• INPUT:
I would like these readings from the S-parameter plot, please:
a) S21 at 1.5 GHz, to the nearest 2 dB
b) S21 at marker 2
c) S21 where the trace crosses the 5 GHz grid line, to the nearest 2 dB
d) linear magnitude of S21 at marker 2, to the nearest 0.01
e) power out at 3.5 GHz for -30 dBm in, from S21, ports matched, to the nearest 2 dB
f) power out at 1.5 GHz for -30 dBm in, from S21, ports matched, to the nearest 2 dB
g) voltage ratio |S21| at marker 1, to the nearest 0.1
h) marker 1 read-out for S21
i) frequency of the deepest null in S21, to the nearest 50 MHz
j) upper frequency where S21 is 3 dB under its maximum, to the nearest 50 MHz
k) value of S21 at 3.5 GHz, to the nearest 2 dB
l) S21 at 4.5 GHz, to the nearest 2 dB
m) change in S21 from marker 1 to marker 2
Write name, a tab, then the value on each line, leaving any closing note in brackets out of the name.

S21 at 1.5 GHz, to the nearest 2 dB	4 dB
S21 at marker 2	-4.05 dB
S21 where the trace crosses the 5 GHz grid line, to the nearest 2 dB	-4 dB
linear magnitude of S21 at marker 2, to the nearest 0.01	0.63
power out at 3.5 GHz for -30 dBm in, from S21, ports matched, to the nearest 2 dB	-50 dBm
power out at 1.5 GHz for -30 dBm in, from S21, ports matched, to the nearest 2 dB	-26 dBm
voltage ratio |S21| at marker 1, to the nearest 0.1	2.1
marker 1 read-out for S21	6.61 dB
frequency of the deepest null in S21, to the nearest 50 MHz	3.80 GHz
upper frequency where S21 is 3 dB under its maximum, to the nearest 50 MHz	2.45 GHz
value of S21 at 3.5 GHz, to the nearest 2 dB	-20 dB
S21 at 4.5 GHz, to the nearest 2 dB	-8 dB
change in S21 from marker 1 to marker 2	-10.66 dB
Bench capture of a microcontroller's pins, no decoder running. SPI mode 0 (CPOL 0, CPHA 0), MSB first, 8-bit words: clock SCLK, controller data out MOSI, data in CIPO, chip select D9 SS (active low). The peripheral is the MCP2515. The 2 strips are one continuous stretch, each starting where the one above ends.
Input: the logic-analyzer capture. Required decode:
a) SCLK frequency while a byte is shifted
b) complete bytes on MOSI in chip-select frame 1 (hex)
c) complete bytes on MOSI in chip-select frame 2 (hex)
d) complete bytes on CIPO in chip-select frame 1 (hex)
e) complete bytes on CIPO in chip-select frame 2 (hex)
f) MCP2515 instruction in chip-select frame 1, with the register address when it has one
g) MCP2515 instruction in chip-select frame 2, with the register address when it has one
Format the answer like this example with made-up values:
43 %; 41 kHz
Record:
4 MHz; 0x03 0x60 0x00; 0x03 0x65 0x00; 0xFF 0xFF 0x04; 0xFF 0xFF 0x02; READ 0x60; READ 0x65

• YOUR OBJECTIVE: For each line in the data above that contains the string "SCLK", extract the line.

• RESPONSE TO THIS EXERCISE:
Bench capture of a microcontroller's pins, no decoder running. SPI mode 0 (CPOL 0, CPHA 0), MSB first, 8-bit words: clock SCLK, controller data out MOSI, data in CIPO, chip select D9 SS (active low). The peripheral is the MCP2515. The 2 strips are one continuous stretch, each starting where the one above ends.
a) SCLK frequency while a byte is shifted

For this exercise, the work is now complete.